##### Available data
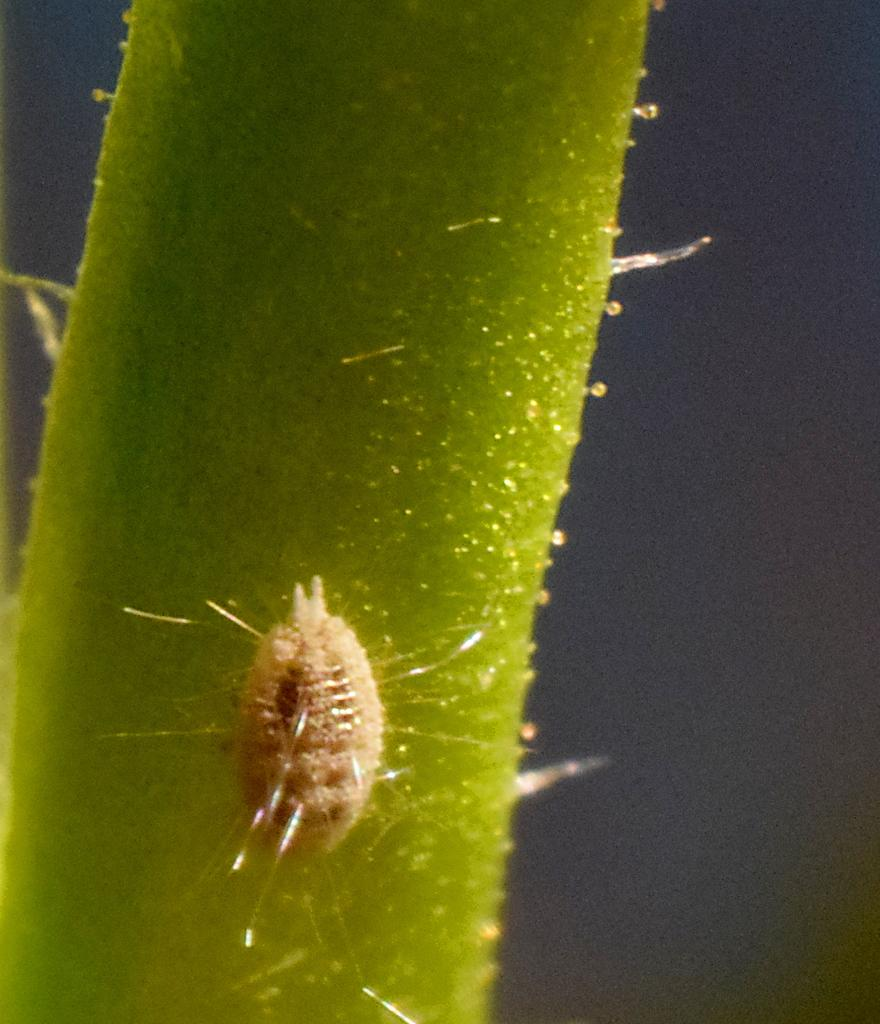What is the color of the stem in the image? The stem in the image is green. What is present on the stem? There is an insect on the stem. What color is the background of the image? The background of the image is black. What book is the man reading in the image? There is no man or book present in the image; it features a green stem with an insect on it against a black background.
##########
##### Available data
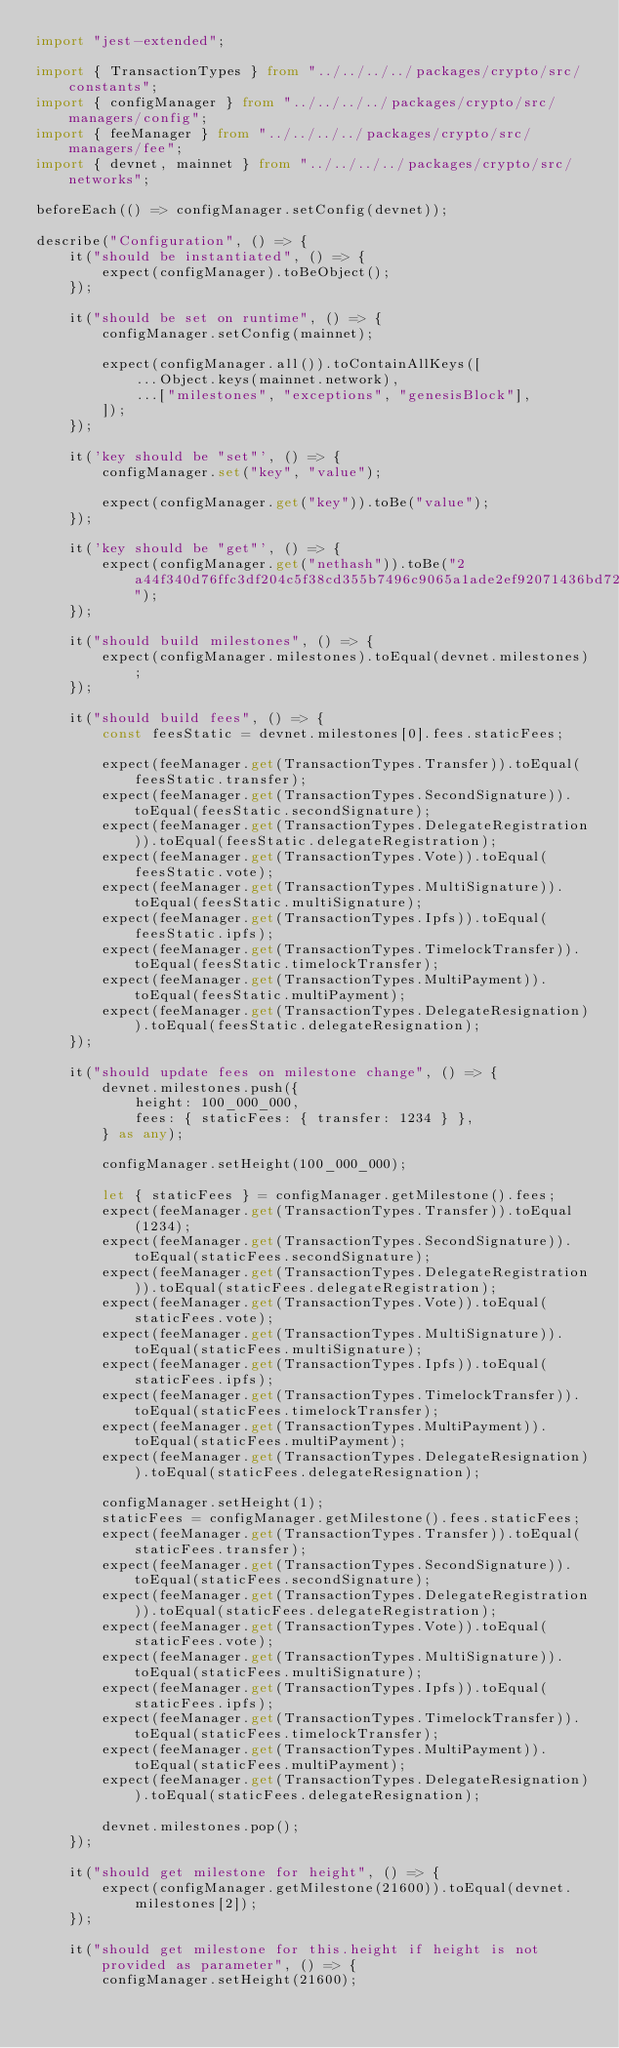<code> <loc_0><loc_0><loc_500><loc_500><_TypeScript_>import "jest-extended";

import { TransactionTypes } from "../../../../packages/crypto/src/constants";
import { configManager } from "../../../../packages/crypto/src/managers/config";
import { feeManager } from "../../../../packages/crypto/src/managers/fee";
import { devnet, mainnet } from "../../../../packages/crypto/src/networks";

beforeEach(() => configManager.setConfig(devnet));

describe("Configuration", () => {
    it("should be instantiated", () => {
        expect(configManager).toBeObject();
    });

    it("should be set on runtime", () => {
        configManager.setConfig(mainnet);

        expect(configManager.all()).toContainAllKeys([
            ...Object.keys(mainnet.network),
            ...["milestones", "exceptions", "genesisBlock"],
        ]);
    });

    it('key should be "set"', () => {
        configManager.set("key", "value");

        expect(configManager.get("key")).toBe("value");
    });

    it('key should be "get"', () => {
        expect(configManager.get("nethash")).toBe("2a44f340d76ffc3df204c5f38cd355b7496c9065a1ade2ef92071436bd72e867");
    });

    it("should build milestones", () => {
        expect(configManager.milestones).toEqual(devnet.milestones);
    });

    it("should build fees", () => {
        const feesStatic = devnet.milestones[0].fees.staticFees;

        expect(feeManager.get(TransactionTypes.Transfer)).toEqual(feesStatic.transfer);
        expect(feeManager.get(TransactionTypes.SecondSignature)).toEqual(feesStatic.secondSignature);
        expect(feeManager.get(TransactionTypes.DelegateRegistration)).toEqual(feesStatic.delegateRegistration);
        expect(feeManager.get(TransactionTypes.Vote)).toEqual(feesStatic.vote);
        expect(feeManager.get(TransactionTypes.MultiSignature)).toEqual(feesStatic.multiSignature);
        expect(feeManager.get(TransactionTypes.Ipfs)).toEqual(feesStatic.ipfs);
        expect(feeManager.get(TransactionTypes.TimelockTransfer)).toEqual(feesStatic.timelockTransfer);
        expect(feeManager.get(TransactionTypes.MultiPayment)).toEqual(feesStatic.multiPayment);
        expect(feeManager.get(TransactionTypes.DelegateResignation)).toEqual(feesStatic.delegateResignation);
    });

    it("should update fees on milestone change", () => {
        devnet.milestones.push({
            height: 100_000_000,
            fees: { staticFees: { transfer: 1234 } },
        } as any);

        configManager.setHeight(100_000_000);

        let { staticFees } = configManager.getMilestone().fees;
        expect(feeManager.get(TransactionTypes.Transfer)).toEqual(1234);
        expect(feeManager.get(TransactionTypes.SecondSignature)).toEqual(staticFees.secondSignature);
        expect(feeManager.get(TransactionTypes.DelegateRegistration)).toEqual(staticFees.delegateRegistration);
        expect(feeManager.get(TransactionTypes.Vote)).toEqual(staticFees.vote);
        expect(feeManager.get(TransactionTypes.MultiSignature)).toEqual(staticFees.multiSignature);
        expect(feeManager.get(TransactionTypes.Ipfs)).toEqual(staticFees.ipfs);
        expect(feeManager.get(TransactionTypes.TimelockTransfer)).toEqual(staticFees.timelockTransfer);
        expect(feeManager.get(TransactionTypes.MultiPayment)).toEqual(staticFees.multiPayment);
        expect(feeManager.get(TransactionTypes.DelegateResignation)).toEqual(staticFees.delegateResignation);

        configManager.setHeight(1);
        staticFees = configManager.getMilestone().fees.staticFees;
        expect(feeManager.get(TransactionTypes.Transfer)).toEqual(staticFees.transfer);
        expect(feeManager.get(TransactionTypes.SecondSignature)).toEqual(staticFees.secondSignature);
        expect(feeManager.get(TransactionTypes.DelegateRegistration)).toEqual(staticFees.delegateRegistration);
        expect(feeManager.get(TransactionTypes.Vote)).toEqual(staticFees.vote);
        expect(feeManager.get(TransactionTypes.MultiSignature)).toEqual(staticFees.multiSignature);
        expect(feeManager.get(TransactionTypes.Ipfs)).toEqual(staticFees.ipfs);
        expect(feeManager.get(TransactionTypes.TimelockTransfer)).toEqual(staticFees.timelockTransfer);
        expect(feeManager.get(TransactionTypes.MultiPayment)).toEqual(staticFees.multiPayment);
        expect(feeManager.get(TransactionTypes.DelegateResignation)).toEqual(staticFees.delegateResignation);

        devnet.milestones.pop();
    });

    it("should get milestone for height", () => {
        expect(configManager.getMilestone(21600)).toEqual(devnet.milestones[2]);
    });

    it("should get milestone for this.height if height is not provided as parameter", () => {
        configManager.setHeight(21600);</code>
##########
##### Available data
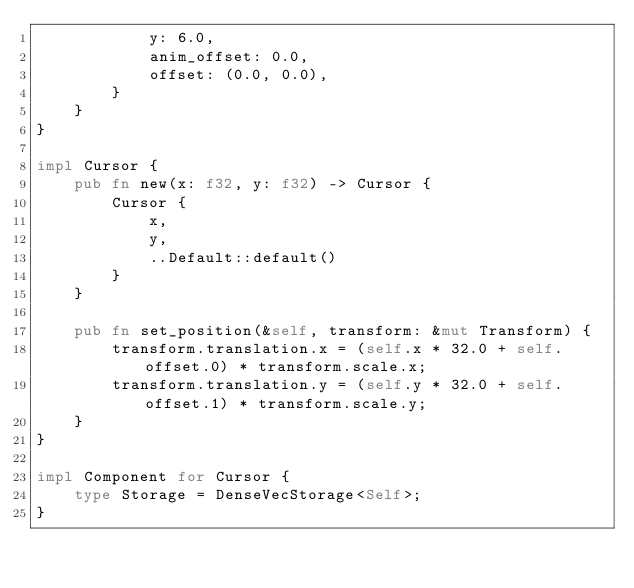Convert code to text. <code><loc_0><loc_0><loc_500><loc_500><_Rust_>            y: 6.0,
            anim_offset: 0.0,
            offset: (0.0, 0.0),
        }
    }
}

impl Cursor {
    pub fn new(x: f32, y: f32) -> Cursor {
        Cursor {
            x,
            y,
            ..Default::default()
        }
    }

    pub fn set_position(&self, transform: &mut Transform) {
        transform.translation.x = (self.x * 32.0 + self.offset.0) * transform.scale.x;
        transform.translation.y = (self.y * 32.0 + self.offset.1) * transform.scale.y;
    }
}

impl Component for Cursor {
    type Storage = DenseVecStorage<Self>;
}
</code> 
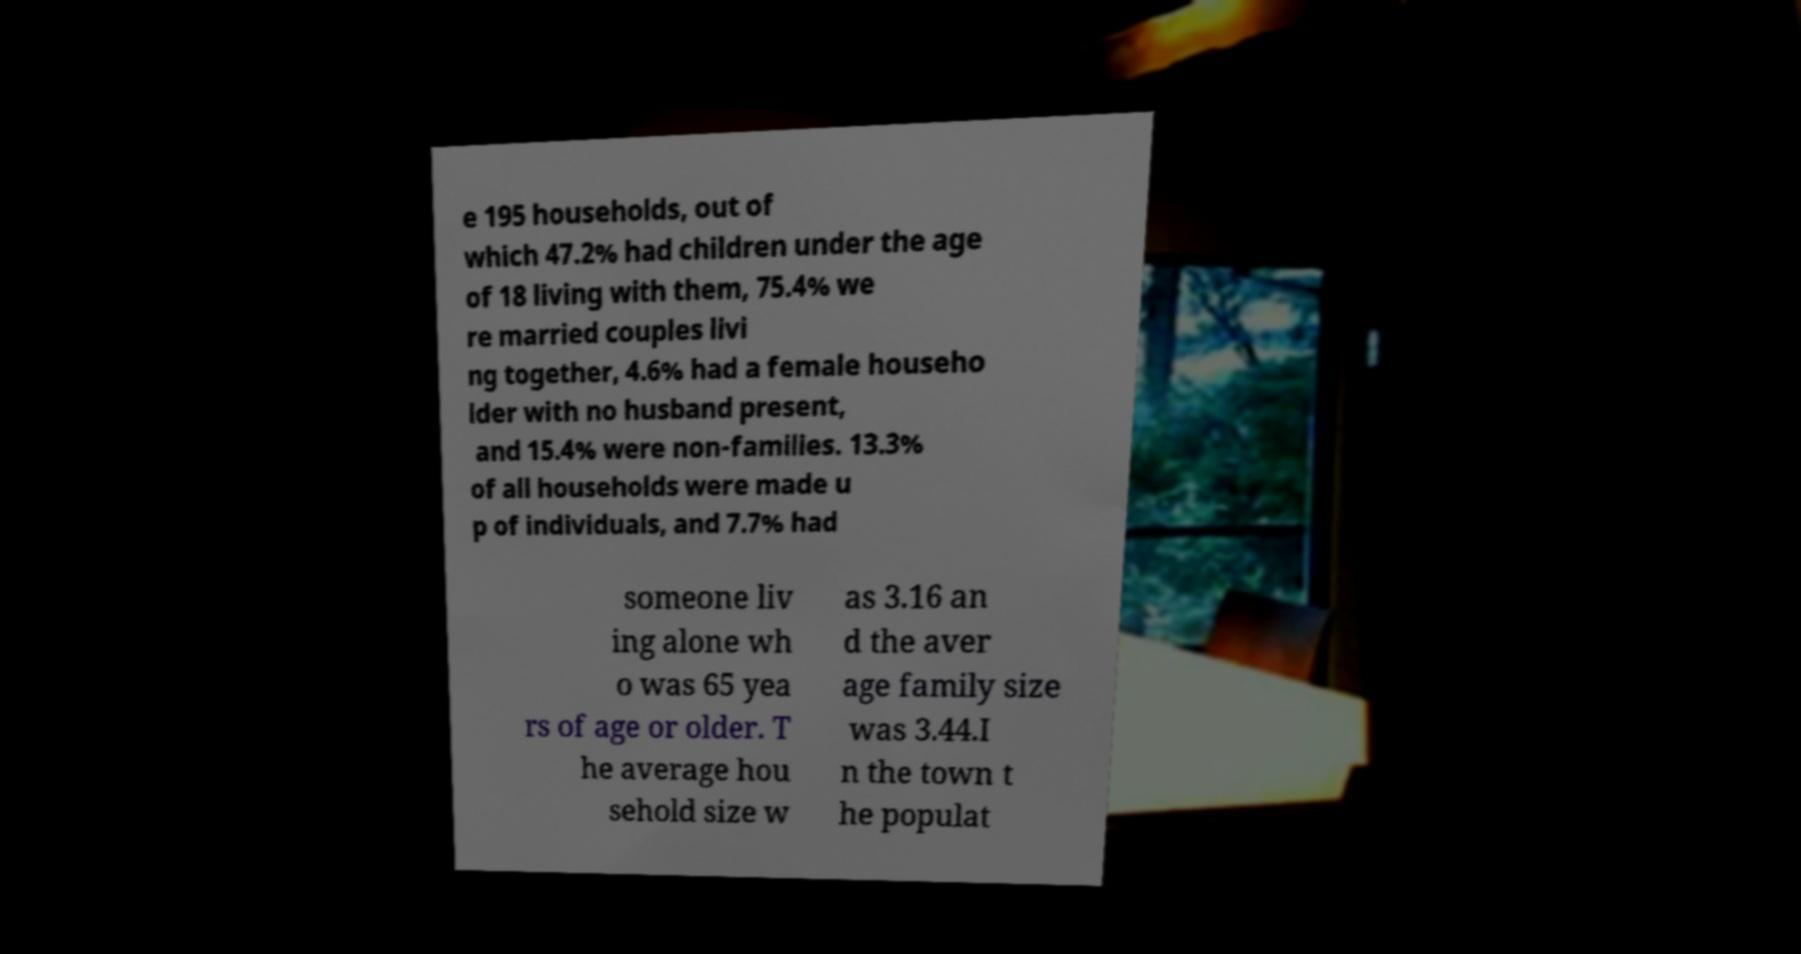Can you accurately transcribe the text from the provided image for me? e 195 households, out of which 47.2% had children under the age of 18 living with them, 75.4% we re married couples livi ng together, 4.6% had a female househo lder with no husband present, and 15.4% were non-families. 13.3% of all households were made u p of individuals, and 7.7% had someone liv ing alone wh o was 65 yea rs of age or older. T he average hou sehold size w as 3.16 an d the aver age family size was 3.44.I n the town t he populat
##########
Exercise prompt: All that is needed is the number of lines above in which the string "scale" appears.

Task response: 2